I like the Koralia series. More water movement for less watts, and the flow is more diffuse, won't blow the plants around very much, and won't dig into the substrate unless you really get too close. 

With power heads that have more of a point source sort of outlet it is all too easy to explode an area of substrate. 

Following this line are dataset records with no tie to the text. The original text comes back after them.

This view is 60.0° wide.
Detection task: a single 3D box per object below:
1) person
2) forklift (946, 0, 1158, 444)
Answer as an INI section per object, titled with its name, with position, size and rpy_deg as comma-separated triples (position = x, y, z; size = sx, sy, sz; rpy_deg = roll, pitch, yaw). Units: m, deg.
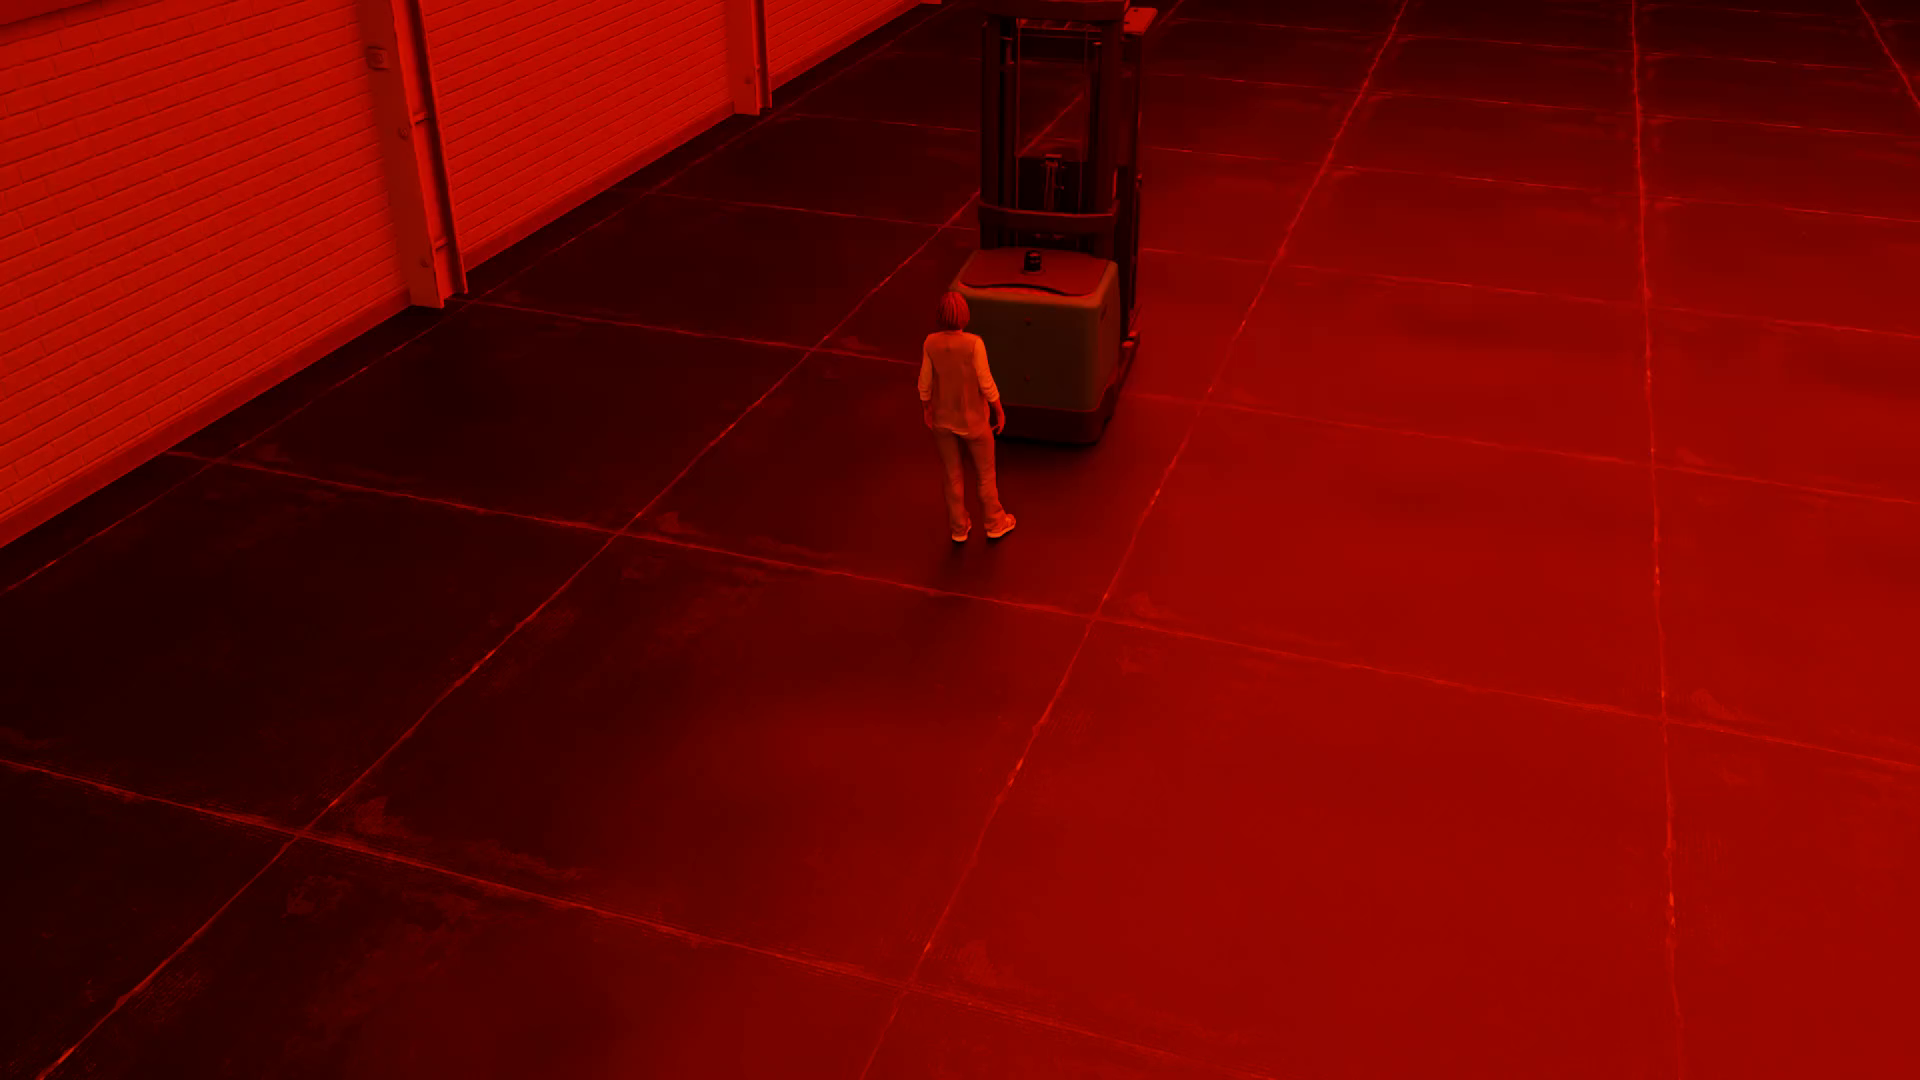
[person]
position = 0.038, -0.733, 9.754
size = 0.520, 1.599, 0.473
rpy_deg = 10, 31, 16
[forklift]
position = 0.743, -2.628, 11.746
size = 1.130, 2.935, 3.031
rpy_deg = 7, 30, 12
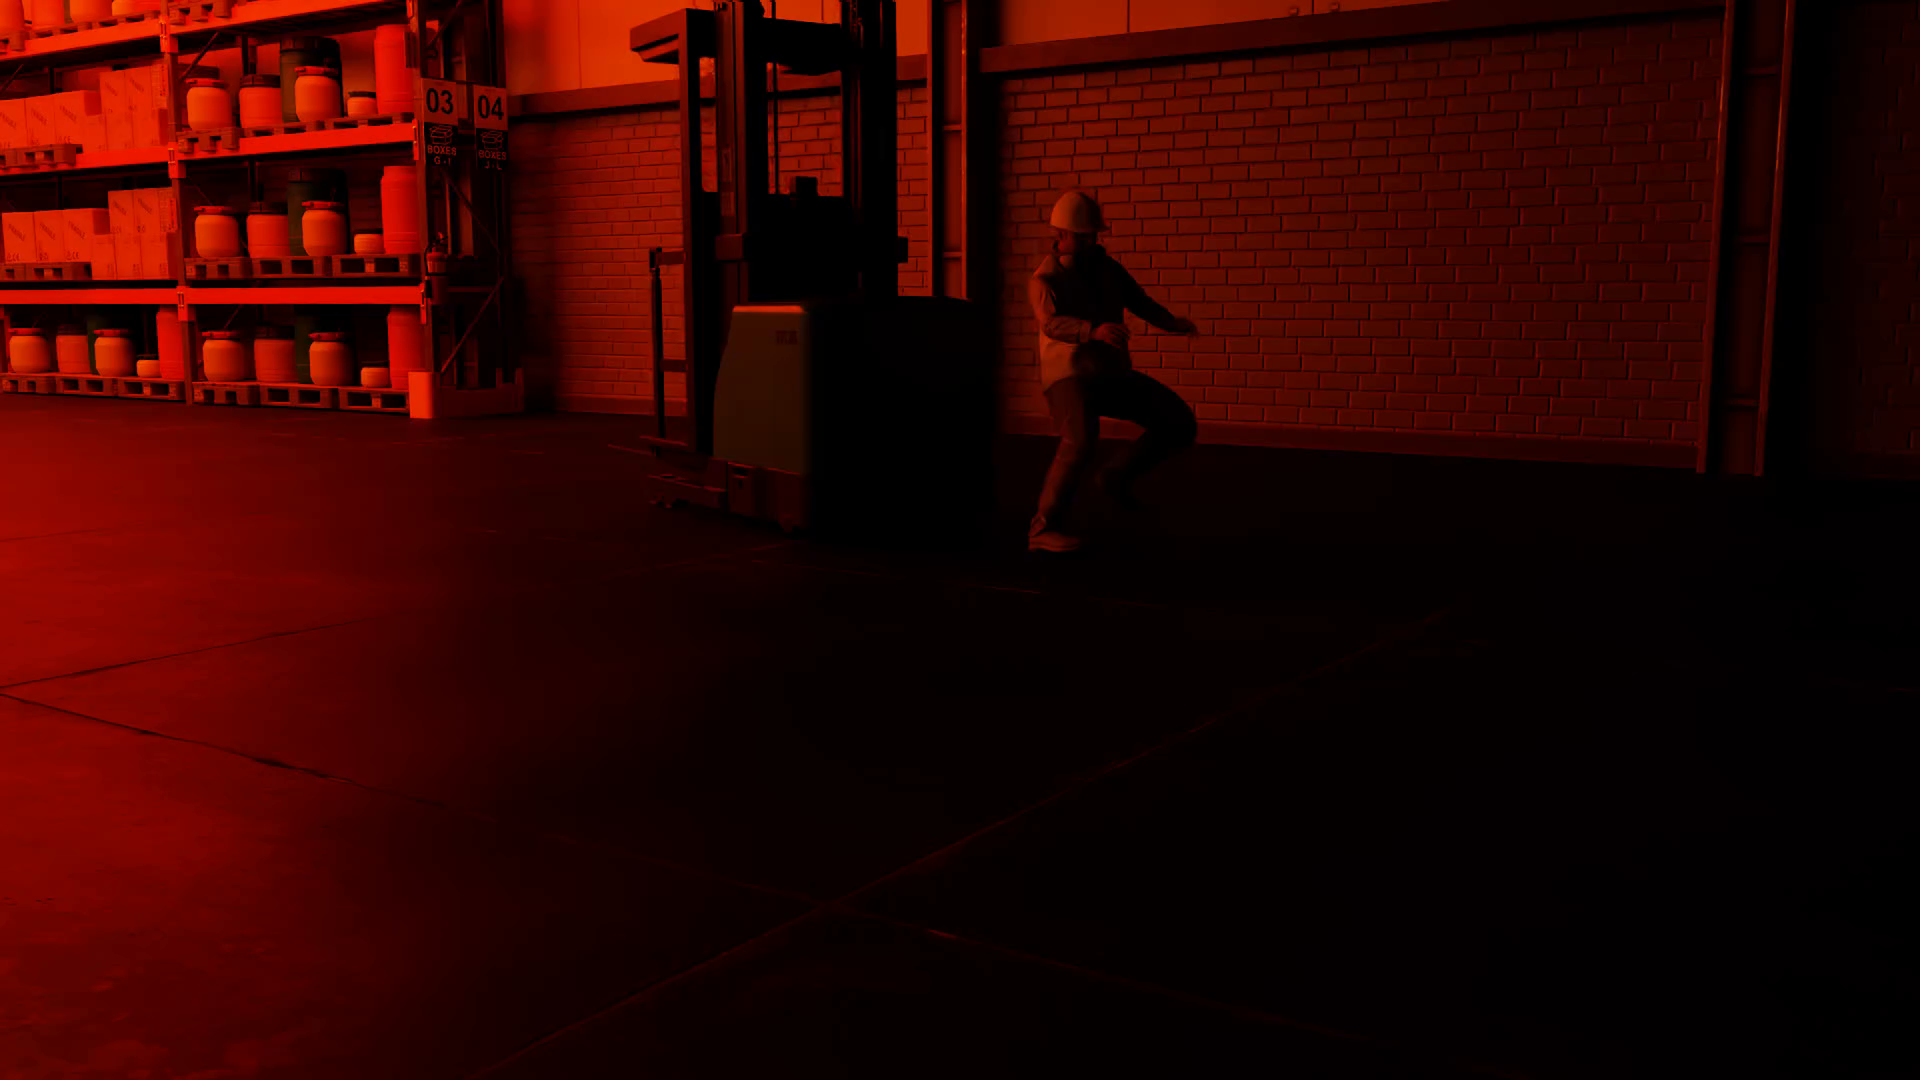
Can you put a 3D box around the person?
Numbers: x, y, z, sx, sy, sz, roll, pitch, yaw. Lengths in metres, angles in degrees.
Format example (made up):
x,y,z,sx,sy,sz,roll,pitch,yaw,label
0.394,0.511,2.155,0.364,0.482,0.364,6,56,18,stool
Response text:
x,y,z,sx,sy,sz,roll,pitch,yaw,label
0.642,-0.760,7.396,0.875,1.570,0.781,-6,10,-37,person

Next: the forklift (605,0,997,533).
x,y,z,sx,sy,sz,roll,pitch,yaw,label
-1.042,-1.647,8.772,1.130,2.935,3.031,-5,10,-32,forklift
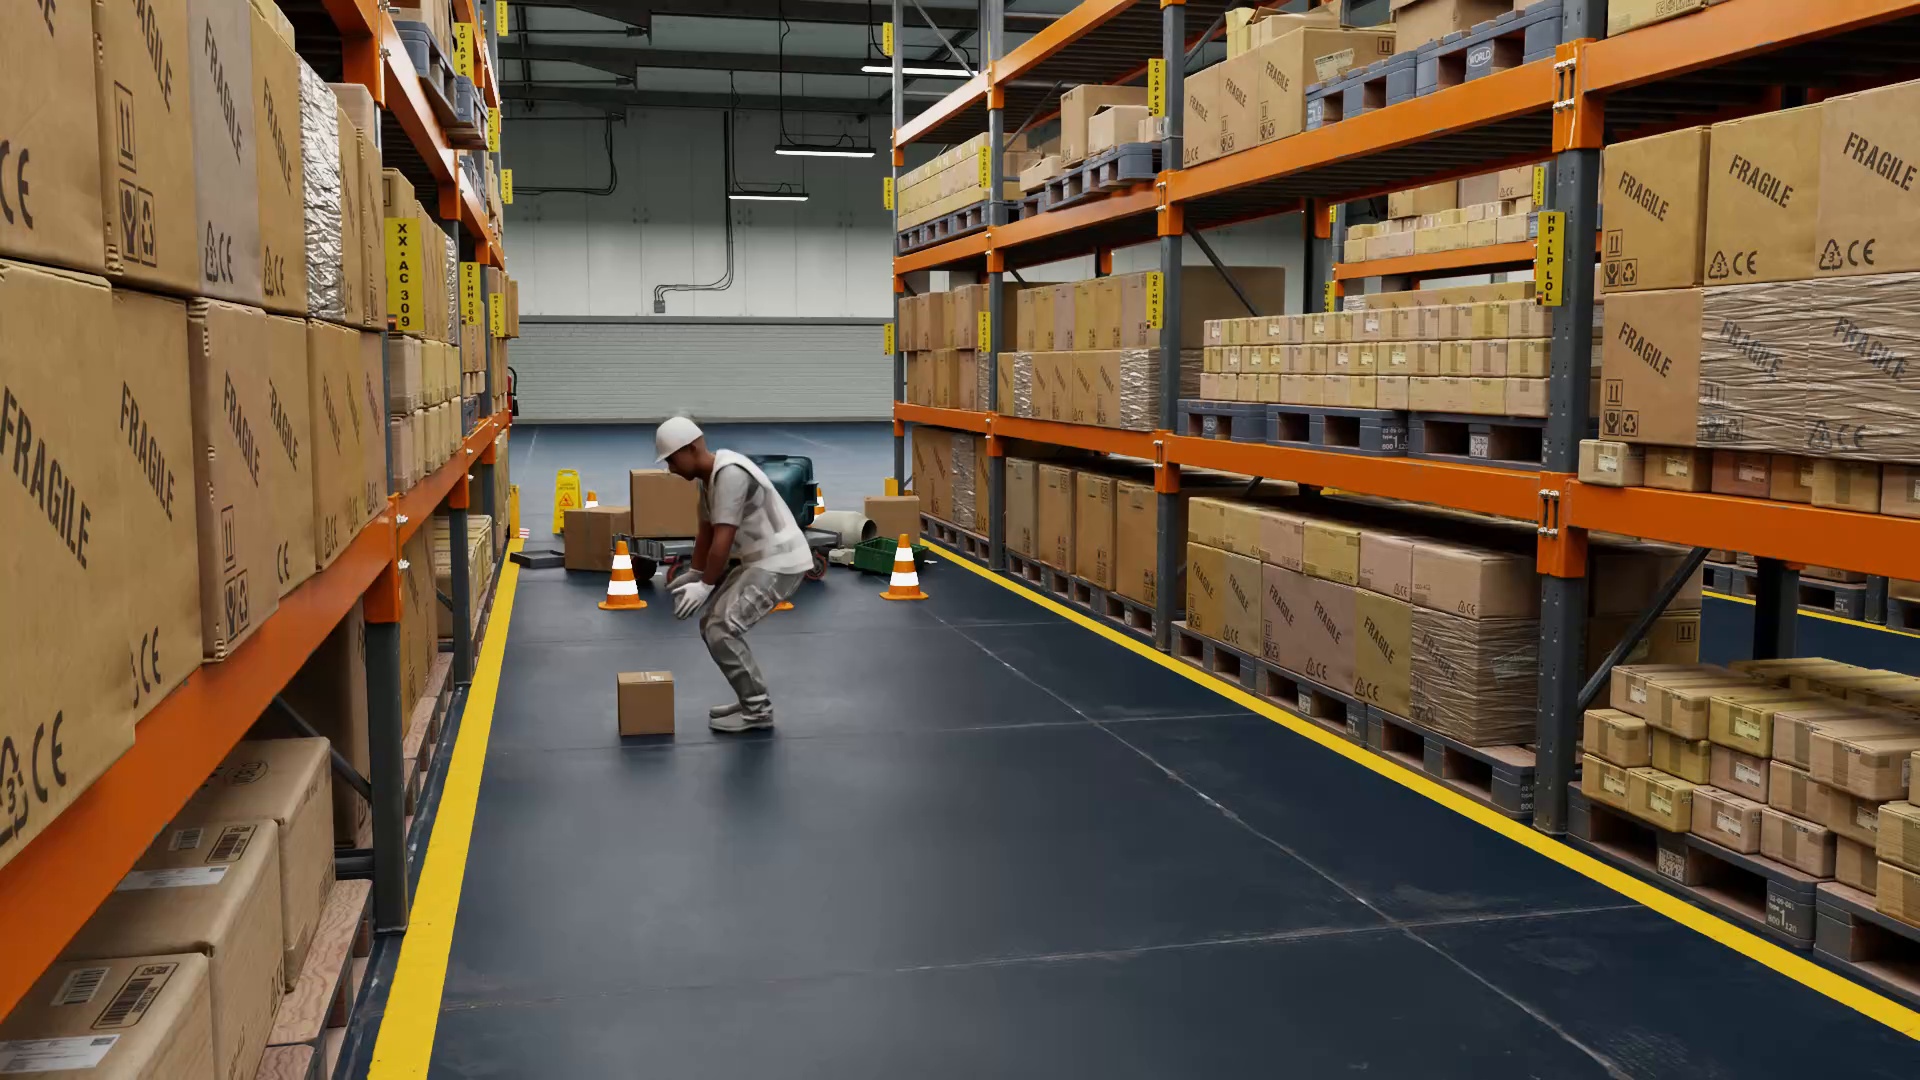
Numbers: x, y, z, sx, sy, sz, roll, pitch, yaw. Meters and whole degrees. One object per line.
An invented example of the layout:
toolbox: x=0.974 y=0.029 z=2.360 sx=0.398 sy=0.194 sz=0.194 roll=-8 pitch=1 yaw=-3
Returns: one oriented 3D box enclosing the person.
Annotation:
person: x=-1.061 y=0.155 z=7.831 sx=0.737 sy=1.469 sz=0.611 roll=-1 pitch=6 yaw=-13
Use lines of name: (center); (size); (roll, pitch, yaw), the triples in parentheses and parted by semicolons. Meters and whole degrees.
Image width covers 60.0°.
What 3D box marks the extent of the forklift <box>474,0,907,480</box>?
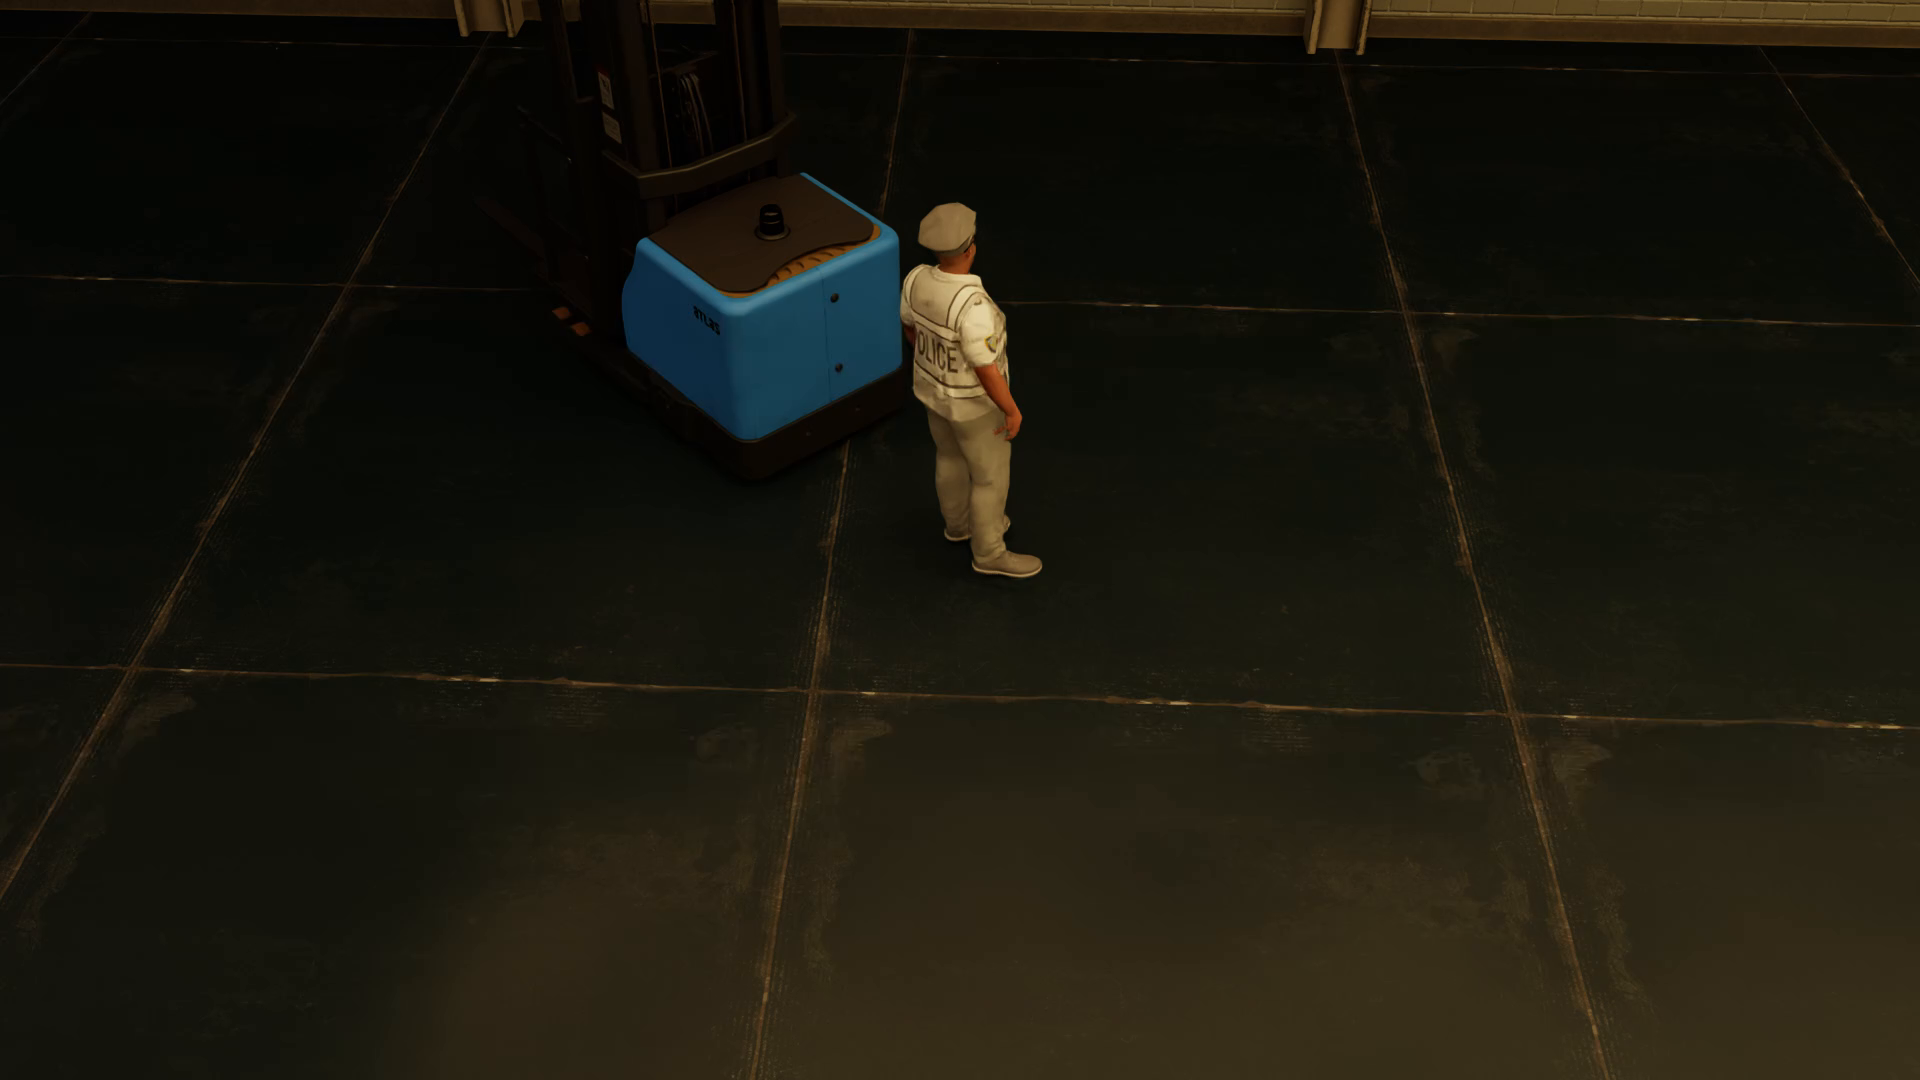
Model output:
forklift: (-1.617, -2.295, 8.257); (1.130, 2.935, 3.031); (-30, 50, -29)

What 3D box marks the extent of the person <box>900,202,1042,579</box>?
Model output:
person: (0.057, -0.650, 7.313); (0.428, 1.781, 0.748); (-31, 51, -30)

Here is another way to do the same thing:
Get a fountain pump (small, maybe 100 gph) that will accept a bit of vinyl tubing. Some power heads will, too. 
Clamp the pump to the side of the tank so it won't fall and crush the plants and use the vinyl hose to blow the debris loose. If you can blow most of the debris toward the front of the tank, most people have less plants, or shorter plants there, and a gravel vacuum can pick up the debris easier with less damage to the denser plantings and larger plants that are more often toward the middle and back of the tank.


----------



## accordztech (Feb 3, 2010)

I never clean that stuff in the gravel. I have flourite black and If I do I just clean the parts that are exposed and seen on the glass (perimeter) and everything else I just leave it.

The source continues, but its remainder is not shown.